What to do — For the data below, restate word for word only the lines from the line containing "(4) The part" through the line containing "49.36) - close |", both ends included.
+===+
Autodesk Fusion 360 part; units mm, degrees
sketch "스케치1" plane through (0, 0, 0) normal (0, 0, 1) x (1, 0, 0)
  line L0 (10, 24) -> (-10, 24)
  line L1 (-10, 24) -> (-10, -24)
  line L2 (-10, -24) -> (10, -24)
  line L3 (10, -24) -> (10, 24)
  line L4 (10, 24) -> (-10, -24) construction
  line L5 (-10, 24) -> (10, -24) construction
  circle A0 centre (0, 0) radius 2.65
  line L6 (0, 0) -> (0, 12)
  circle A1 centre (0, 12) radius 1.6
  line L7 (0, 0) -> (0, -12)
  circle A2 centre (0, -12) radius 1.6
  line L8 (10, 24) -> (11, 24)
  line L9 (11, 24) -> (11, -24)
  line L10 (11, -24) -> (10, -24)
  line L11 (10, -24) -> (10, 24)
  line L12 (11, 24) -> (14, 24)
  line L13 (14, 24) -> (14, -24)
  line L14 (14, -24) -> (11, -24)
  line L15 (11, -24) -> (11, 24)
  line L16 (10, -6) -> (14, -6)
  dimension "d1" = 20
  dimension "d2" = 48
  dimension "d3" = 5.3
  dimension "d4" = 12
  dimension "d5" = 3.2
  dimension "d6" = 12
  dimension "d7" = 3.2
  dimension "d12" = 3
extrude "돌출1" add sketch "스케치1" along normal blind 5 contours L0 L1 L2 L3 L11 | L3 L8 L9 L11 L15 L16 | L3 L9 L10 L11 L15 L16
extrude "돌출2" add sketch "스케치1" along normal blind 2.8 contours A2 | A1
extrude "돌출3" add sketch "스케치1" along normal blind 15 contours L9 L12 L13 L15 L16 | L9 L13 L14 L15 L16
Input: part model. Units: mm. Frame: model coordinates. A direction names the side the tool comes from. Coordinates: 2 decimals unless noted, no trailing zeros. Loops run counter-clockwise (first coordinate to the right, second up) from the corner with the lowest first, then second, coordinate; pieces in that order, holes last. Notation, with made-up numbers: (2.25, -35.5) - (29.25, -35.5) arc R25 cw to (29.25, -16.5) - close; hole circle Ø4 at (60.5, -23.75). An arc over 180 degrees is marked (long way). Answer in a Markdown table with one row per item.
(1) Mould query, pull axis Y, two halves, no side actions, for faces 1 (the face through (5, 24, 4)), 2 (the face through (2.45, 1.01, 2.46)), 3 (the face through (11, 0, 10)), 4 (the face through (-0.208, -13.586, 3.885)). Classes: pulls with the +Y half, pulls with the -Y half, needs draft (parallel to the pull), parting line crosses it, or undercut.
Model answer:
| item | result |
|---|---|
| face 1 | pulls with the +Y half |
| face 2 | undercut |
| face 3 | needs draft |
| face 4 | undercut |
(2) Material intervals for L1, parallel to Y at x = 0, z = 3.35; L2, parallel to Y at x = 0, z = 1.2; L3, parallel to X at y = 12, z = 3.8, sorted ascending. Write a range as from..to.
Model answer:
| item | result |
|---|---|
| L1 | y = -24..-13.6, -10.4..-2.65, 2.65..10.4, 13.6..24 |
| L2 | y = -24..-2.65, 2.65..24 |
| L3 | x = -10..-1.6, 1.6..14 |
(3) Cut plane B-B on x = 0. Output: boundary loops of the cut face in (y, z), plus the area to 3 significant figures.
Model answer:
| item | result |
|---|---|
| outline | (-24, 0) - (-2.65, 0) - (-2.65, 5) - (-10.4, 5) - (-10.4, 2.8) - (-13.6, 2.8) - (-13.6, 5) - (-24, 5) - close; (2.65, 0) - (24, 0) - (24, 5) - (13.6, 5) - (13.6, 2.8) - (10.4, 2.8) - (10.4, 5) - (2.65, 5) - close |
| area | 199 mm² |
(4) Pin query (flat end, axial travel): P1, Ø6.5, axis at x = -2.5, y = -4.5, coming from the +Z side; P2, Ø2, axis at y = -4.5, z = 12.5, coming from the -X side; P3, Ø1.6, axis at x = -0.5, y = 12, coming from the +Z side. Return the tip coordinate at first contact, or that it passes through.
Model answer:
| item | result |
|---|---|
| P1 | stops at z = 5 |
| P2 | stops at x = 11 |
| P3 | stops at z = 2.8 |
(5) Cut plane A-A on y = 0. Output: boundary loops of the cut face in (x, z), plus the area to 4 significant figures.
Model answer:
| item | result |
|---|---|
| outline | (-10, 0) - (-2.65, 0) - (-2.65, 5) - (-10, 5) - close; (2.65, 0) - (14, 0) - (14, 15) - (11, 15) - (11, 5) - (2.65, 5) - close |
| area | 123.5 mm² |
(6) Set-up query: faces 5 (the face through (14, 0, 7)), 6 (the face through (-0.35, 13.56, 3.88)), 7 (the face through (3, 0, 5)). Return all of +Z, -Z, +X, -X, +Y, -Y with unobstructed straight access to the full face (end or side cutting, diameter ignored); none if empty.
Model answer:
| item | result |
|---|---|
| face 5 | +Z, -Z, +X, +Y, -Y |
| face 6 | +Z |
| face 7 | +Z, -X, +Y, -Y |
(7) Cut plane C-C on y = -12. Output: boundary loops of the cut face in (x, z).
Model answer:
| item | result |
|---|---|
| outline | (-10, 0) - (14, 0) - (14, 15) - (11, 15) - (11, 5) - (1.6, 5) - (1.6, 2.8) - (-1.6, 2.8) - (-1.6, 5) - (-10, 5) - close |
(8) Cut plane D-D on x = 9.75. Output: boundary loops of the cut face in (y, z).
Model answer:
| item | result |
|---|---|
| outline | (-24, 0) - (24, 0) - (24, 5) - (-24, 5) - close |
+===+
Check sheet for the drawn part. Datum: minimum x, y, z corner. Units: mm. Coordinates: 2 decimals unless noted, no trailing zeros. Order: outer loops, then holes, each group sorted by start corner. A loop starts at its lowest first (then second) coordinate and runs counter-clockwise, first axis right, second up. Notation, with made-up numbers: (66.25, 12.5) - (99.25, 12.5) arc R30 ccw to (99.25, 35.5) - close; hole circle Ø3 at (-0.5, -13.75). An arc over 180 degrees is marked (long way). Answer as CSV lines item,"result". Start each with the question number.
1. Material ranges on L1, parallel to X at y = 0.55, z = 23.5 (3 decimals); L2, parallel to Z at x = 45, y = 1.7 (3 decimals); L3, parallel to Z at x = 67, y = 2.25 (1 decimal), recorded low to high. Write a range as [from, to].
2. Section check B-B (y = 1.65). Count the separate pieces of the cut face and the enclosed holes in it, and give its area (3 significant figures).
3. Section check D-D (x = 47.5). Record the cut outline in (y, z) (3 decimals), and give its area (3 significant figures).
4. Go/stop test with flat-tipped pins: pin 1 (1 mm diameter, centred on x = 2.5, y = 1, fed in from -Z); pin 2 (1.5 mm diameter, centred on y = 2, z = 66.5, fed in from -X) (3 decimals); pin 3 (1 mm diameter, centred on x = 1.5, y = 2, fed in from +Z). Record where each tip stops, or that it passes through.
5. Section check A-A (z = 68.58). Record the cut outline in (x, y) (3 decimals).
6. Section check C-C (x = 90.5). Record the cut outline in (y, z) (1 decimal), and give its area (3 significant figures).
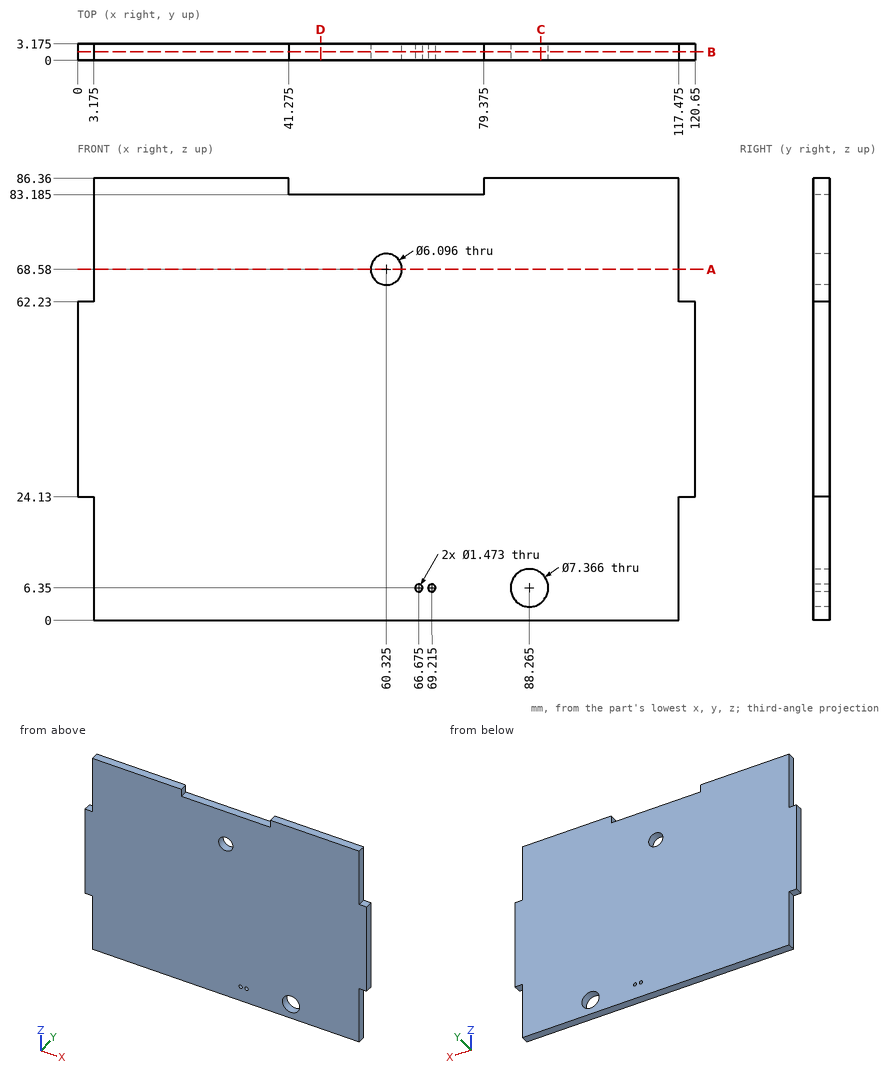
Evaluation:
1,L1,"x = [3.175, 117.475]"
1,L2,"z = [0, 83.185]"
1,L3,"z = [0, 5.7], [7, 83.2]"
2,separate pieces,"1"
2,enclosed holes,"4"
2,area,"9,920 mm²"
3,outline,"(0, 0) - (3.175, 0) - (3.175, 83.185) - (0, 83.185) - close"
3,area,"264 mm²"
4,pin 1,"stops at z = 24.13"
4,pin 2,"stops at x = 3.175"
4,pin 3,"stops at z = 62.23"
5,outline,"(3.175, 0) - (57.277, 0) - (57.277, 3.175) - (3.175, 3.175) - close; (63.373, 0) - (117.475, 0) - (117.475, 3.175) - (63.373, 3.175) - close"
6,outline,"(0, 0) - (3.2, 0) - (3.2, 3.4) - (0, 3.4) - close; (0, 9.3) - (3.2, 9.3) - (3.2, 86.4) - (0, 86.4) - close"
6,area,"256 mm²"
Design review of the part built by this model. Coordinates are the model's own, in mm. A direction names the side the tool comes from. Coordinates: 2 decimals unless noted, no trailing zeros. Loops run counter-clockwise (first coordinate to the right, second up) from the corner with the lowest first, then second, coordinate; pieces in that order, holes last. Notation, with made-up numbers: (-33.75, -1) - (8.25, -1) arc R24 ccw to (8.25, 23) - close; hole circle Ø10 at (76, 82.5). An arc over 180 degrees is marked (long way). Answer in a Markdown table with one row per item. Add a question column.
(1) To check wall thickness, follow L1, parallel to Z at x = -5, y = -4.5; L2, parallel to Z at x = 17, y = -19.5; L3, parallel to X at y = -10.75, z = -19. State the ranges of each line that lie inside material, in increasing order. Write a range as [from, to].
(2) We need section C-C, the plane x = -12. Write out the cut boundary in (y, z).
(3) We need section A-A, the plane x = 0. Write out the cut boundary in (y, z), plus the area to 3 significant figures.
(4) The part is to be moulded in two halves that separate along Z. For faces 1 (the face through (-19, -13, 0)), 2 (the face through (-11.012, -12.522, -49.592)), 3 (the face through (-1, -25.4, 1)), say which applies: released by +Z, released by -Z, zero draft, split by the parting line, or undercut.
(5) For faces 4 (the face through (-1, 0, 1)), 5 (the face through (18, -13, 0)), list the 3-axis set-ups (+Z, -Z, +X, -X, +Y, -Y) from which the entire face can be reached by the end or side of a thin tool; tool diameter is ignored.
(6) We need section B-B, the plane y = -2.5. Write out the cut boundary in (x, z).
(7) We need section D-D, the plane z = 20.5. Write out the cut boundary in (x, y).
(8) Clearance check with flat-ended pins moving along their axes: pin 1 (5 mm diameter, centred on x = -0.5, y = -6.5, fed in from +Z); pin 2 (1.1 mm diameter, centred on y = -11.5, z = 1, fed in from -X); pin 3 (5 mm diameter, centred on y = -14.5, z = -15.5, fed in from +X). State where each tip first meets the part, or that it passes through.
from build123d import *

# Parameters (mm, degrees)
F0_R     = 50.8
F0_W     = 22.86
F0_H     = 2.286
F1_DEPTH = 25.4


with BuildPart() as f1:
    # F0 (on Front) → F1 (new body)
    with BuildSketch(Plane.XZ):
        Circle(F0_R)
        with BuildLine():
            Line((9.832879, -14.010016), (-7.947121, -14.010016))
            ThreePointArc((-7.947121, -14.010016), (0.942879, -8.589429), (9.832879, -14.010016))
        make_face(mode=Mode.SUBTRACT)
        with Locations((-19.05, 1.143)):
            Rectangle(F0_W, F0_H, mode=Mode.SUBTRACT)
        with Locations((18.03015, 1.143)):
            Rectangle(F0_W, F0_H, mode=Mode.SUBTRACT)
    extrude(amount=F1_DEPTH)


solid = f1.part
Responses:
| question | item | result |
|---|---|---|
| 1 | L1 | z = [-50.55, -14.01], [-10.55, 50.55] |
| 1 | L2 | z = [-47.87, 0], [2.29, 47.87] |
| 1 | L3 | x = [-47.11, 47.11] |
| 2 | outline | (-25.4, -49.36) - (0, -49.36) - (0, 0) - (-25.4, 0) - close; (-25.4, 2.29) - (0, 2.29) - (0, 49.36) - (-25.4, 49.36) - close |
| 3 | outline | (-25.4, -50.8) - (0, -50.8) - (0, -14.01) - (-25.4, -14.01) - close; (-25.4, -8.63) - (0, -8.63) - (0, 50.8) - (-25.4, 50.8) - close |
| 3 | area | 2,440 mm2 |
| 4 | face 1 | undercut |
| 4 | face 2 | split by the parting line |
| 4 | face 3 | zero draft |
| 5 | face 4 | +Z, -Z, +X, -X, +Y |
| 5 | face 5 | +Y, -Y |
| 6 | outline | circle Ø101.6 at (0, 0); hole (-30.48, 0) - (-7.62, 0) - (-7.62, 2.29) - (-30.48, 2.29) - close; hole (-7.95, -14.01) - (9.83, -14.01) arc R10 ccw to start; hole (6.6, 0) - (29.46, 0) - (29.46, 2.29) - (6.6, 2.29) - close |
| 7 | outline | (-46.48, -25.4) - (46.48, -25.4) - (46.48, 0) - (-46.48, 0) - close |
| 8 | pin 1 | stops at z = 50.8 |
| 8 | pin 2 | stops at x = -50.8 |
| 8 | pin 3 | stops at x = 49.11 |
+===+
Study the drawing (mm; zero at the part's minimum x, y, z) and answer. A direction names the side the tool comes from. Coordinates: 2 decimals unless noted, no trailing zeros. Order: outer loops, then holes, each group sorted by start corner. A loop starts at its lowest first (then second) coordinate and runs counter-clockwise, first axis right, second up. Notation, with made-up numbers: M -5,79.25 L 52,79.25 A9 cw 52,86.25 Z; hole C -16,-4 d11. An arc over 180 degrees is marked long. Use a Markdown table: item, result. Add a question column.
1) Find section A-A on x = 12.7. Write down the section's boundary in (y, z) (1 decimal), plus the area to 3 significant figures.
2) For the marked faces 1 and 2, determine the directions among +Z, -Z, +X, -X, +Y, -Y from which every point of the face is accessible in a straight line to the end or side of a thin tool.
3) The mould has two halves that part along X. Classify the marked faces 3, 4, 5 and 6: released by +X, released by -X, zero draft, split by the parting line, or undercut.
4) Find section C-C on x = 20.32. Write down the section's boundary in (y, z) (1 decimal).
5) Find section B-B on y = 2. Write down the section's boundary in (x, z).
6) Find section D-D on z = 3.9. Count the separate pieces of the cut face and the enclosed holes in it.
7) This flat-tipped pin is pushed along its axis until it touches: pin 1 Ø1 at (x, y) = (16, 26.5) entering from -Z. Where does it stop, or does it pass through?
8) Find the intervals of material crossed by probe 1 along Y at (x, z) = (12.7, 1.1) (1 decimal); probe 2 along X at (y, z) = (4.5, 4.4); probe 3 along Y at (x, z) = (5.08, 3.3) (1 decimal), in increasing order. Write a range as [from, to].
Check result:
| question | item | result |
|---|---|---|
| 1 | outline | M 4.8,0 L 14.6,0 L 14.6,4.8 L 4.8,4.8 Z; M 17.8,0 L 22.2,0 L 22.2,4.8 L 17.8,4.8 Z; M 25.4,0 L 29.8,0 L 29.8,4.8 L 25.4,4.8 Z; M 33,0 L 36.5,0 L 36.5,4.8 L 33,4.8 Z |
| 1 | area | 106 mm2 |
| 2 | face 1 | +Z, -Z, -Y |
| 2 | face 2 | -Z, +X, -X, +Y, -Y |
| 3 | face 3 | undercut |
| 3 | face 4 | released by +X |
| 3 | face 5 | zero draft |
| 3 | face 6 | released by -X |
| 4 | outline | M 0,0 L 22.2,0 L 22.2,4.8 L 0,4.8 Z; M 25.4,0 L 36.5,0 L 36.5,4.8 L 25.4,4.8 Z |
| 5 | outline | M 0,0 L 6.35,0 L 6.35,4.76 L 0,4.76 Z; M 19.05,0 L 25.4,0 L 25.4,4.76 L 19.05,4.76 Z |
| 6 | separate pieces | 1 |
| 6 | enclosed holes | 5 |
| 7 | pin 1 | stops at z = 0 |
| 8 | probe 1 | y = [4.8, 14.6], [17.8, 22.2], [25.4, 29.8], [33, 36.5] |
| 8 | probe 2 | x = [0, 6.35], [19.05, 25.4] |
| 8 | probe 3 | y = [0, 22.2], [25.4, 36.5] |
+===+
Answer to the exercise —
(4) The part is to be moulded in two halves that separate along Z. For faces 1 (the face through (-19, -13, 0)), 2 (the face through (-11.012, -12.522, -49.592)), 3 (the face through (-1, -25.4, 1)), say which applies: released by +Z, released by -Z, zero draft, split by the parting line, or undercut.
(5) For faces 4 (the face through (-1, 0, 1)), 5 (the face through (18, -13, 0)), list the 3-axis set-ups (+Z, -Z, +X, -X, +Y, -Y) from which the entire face can be reached by the end or side of a thin tool; tool diameter is ignored.
(6) We need section B-B, the plane y = -2.5. Write out the cut boundary in (x, z).
(7) We need section D-D, the plane z = 20.5. Write out the cut boundary in (x, y).
(8) Clearance check with flat-ended pins moving along their axes: pin 1 (5 mm diameter, centred on x = -0.5, y = -6.5, fed in from +Z); pin 2 (1.1 mm diameter, centred on y = -11.5, z = 1, fed in from -X); pin 3 (5 mm diameter, centred on y = -14.5, z = -15.5, fed in from +X). State where each tip first meets the part, or that it passes through.
from build123d import *

# Parameters (mm, degrees)
F0_R     = 50.8
F0_W     = 22.86
F0_H     = 2.286
F1_DEPTH = 25.4


with BuildPart() as f1:
    # F0 (on Front) → F1 (new body)
    with BuildSketch(Plane.XZ):
        Circle(F0_R)
        with BuildLine():
            Line((9.832879, -14.010016), (-7.947121, -14.010016))
            ThreePointArc((-7.947121, -14.010016), (0.942879, -8.589429), (9.832879, -14.010016))
        make_face(mode=Mode.SUBTRACT)
        with Locations((-19.05, 1.143)):
            Rectangle(F0_W, F0_H, mode=Mode.SUBTRACT)
        with Locations((18.03015, 1.143)):
            Rectangle(F0_W, F0_H, mode=Mode.SUBTRACT)
    extrude(amount=F1_DEPTH)


solid = f1.part
Responses:
| question | item | result |
|---|---|---|
| 1 | L1 | z = [-50.55, -14.01], [-10.55, 50.55] |
| 1 | L2 | z = [-47.87, 0], [2.29, 47.87] |
| 1 | L3 | x = [-47.11, 47.11] |
| 2 | outline | (-25.4, -49.36) - (0, -49.36) - (0, 0) - (-25.4, 0) - close; (-25.4, 2.29) - (0, 2.29) - (0, 49.36) - (-25.4, 49.36) - close |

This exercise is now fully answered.